103,YELLOWKNIFE A,2016-08,280
104,YELLOWKNIFE A,2016-09,488
105,YELLOWKNIFE A,2016-10,158
106,YELLOWKNIFE A,2016-11,176


In [6]:
# create a row for each station (name) and column for each month.
data2 = data2.pivot(index='name', columns='month', values='precipitation')
data2

month,2016-01,2016-02,2016-03,2016-04,2016-05,2016-06,2016-07,2016-08,2016-09,2016-10,2016-11,2016-12
name,Unnamed: 1_level_1,Unnamed: 2_level_1,Unnamed: 3_level_1,Unnamed: 4_level_1,Unnamed: 5_level_1,Unnamed: 6_level_1,Unnamed: 7_level_1,Unnamed: 8_level_1,Unnamed: 9_level_1,Unnamed: 10_level_1,Unnamed: 11_level_1,Unnamed: 12_level_1
BURNABY SIMON FRASER U,1809,1482,2159,374,606,428,442,68,956,1429,1349,1846
CALGARY INTL A,121,22,46,40,683,616,2061,834,253,276,27,224
GANDER INTL A,896,1232,992,1106,1236,1015,1264,1096,1026,2422,1184,1099
HALIFAX INTL A,1491,1473,1452,1595,1001,725,734,445,845,2185,1305,1835
REVELSTOKE,930,561,533,204,546,748,662,274,785,1620,1293,295
SHERBROOKE,183,982,621,471,667,671,525,1599,433,1176,594,627
TORONTO LESTER B. PEARSON INT',363,491,729,681,346,269,399,667,663,452,497,821
VANCOUVER INTL A,1682,1304,1616,242,516,582,328,138,784,2034,2402,1520
YELLOWKNIFE A,220,90,28,120,98,306,154,280,488,158,176,116


In [7]:
# get the count of observations
data3 = data.groupby(['name', 'month']).aggregate('count').reset_index()
data3 = data3.pivot(index='name', columns='month', values='precipitation')
data3

month,2016-01,2016-02,2016-03,2016-04,2016-05,2016-06,2016-07,2016-08,2016-09,2016-10,2016-11,2016-12
name,Unnamed: 1_level_1,Unnamed: 2_level_1,Unnamed: 3_level_1,Unnamed: 4_level_1,Unnamed: 5_level_1,Unnamed: 6_level_1,Unnamed: 7_level_1,Unnamed: 8_level_1,Unnamed: 9_level_1,Unnamed: 10_level_1,Unnamed: 11_level_1,Unnamed: 12_level_1
BURNABY SIMON FRASER U,30,22,30,30,21,21,20,25,20,19,17,16
CALGARY INTL A,31,29,31,30,31,30,31,30,30,30,30,30
GANDER INTL A,31,29,31,30,30,30,31,31,30,31,30,31
HALIFAX INTL A,31,29,31,30,31,30,31,31,29,30,30,31
REVELSTOKE,31,29,31,29,31,29,30,31,30,31,30,29
SHERBROOKE,31,29,31,30,31,30,28,31,30,30,29,31
TORONTO LESTER B. PEARSON INT',31,28,31,30,31,30,31,31,30,31,29,31
VANCOUVER INTL A,30,28,31,30,30,29,30,31,30,31,30,30
YELLOWKNIFE A,31,28,31,30,31,30,31,31,30,30,30,30


In [8]:
def get_precip_data():
    return pd.read_csv('precipitation.csv', parse_dates=[2])


def date_to_month(d):
    # You may need to modify this function, depending on your data types.
    return '%04i-%02i' % (d.year, d.month)

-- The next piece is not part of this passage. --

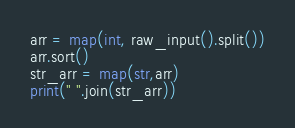Convert code to text. <code><loc_0><loc_0><loc_500><loc_500><_Python_>arr = map(int, raw_input().split())
arr.sort()
str_arr = map(str,arr)
print(" ".join(str_arr))</code>

def pivot_months_pandas(data):
    """
    Create monthly precipitation totals for each station in the data set.
    
    This should use Pandas methods to manipulate the data.
    """
    # ...
    return monthly, counts


def pivot_months_loops(data):
    """
    Create monthly precipitation totals for each station in the data set.
    
    This does it the hard way: using Pandas as a dumb data store, and iterating in Python.
    """
    # Find all stations and months in the data set.
    stations = set()
    months = set()
    for i,r in data.iterrows():
        stations.add(r['name'])
        m = date_to_month(r['date'])
        months.add(m)

    # Aggregate into dictionaries so we can look up later.
    stations = sorted(list(stations))
    row_to_station = dict(enumerate(stations))
    station_to_row = {s: i for i,s in row_to_station.items()}
    
    months = sorted(list(months))
    col_to_month = dict(enumerate(months))
    month_to_col = {m: i for i,m in col_to_month.items()}

    # Create arrays for the data, and fill them.
    precip_total = np.zeros((len(row_to_station), 12), dtype=np.uint)
    obs_count = np.zeros((len(row_to_station), 12), dtype=np.uint)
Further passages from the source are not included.